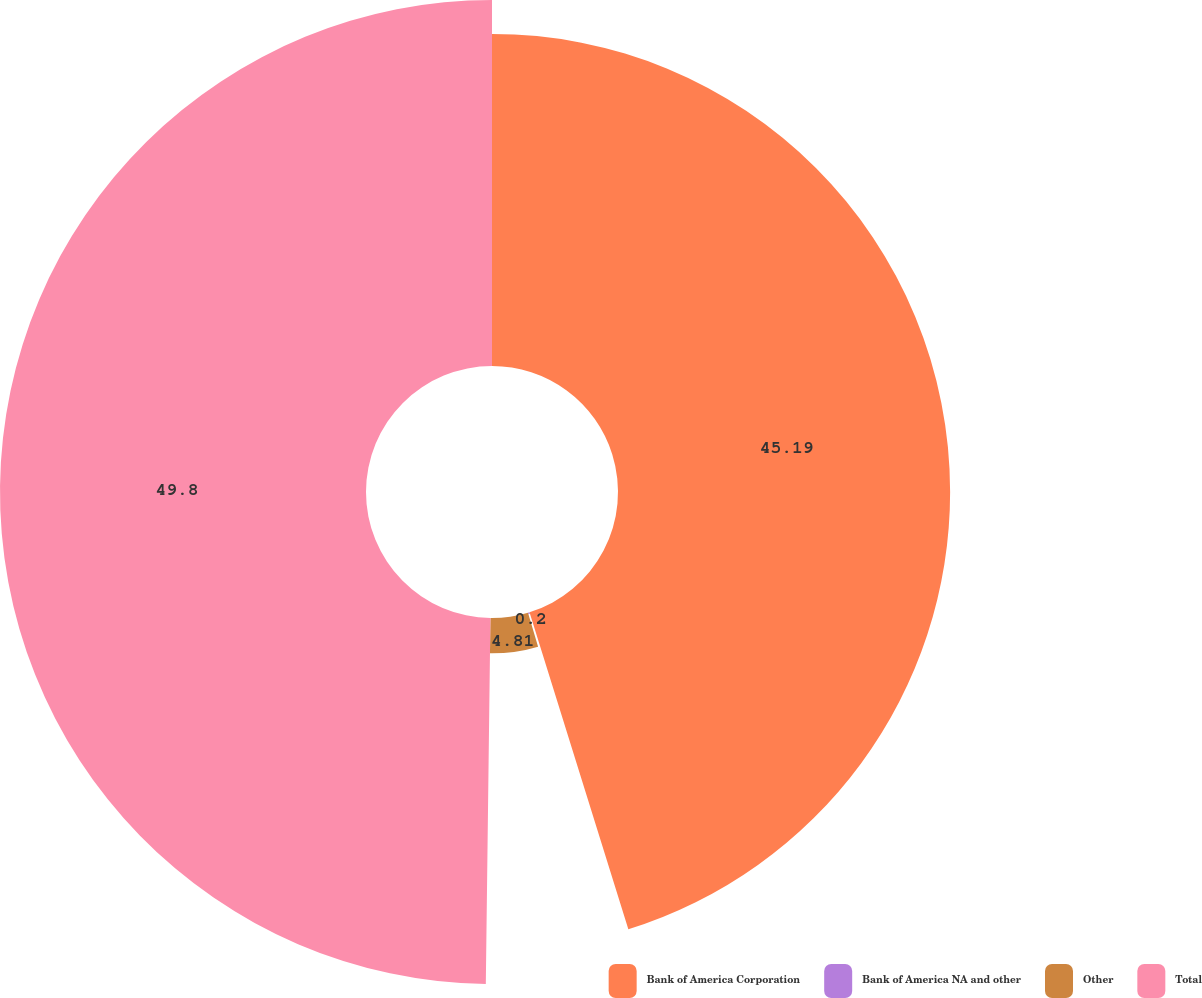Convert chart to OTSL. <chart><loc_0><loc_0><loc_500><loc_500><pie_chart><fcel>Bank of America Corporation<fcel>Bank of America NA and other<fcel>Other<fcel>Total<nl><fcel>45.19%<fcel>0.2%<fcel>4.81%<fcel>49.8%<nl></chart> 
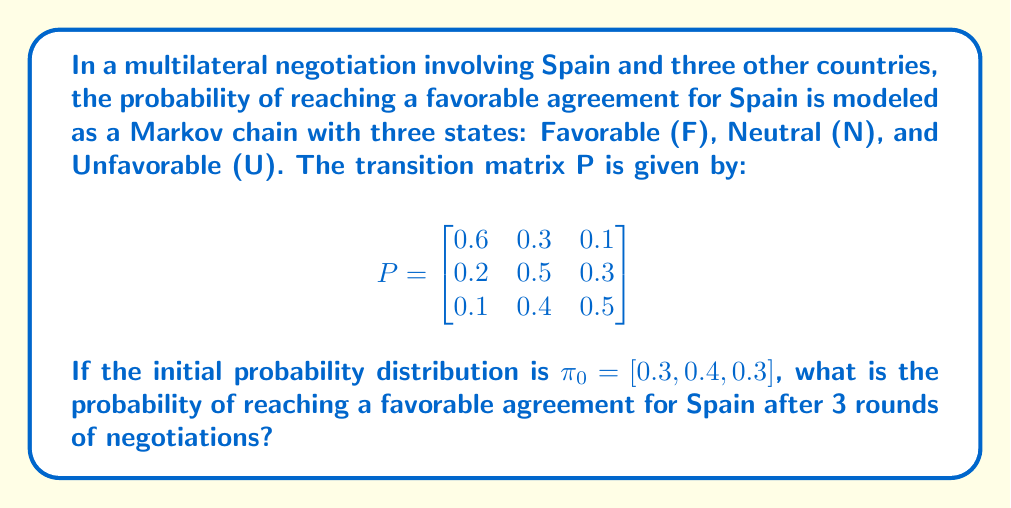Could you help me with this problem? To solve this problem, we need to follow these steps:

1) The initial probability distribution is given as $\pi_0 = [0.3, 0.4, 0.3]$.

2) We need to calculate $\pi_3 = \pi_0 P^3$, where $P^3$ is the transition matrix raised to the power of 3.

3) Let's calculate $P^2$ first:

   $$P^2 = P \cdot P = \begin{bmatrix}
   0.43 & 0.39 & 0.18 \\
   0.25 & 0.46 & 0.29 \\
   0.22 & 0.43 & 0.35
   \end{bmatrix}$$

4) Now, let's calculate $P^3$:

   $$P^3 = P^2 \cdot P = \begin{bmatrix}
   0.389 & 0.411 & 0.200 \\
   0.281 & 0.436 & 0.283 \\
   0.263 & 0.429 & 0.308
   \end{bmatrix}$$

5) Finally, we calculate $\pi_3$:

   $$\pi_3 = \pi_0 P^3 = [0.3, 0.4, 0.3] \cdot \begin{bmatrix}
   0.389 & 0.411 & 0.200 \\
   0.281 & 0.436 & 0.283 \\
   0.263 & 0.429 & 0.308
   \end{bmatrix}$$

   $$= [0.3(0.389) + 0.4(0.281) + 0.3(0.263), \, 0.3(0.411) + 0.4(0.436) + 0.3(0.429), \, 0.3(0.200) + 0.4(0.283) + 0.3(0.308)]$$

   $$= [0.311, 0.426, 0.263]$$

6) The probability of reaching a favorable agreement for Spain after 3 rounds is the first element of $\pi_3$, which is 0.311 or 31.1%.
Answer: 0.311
☆ ☆ ☆ ☆
[REQUIRED WORK] No pictures should appear in the copy, and each record above is to be returned exactly.

[YOUR RESPONSE]
Convert chart to OTSL. <chart><loc_0><loc_0><loc_500><loc_500><pie_chart><fcel>Bank of America Corporation<fcel>Bank of America NA and other<fcel>Other<fcel>Total<nl><fcel>45.19%<fcel>0.2%<fcel>4.81%<fcel>49.8%<nl></chart> 
Could you help me with this problem? To solve this problem, we need to follow these steps:

1) The initial probability distribution is given as $\pi_0 = [0.3, 0.4, 0.3]$.

2) We need to calculate $\pi_3 = \pi_0 P^3$, where $P^3$ is the transition matrix raised to the power of 3.

3) Let's calculate $P^2$ first:

   $$P^2 = P \cdot P = \begin{bmatrix}
   0.43 & 0.39 & 0.18 \\
   0.25 & 0.46 & 0.29 \\
   0.22 & 0.43 & 0.35
   \end{bmatrix}$$

4) Now, let's calculate $P^3$:

   $$P^3 = P^2 \cdot P = \begin{bmatrix}
   0.389 & 0.411 & 0.200 \\
   0.281 & 0.436 & 0.283 \\
   0.263 & 0.429 & 0.308
   \end{bmatrix}$$

5) Finally, we calculate $\pi_3$:

   $$\pi_3 = \pi_0 P^3 = [0.3, 0.4, 0.3] \cdot \begin{bmatrix}
   0.389 & 0.411 & 0.200 \\
   0.281 & 0.436 & 0.283 \\
   0.263 & 0.429 & 0.308
   \end{bmatrix}$$

   $$= [0.3(0.389) + 0.4(0.281) + 0.3(0.263), \, 0.3(0.411) + 0.4(0.436) + 0.3(0.429), \, 0.3(0.200) + 0.4(0.283) + 0.3(0.308)]$$

   $$= [0.311, 0.426, 0.263]$$

6) The probability of reaching a favorable agreement for Spain after 3 rounds is the first element of $\pi_3$, which is 0.311 or 31.1%.
Answer: 0.311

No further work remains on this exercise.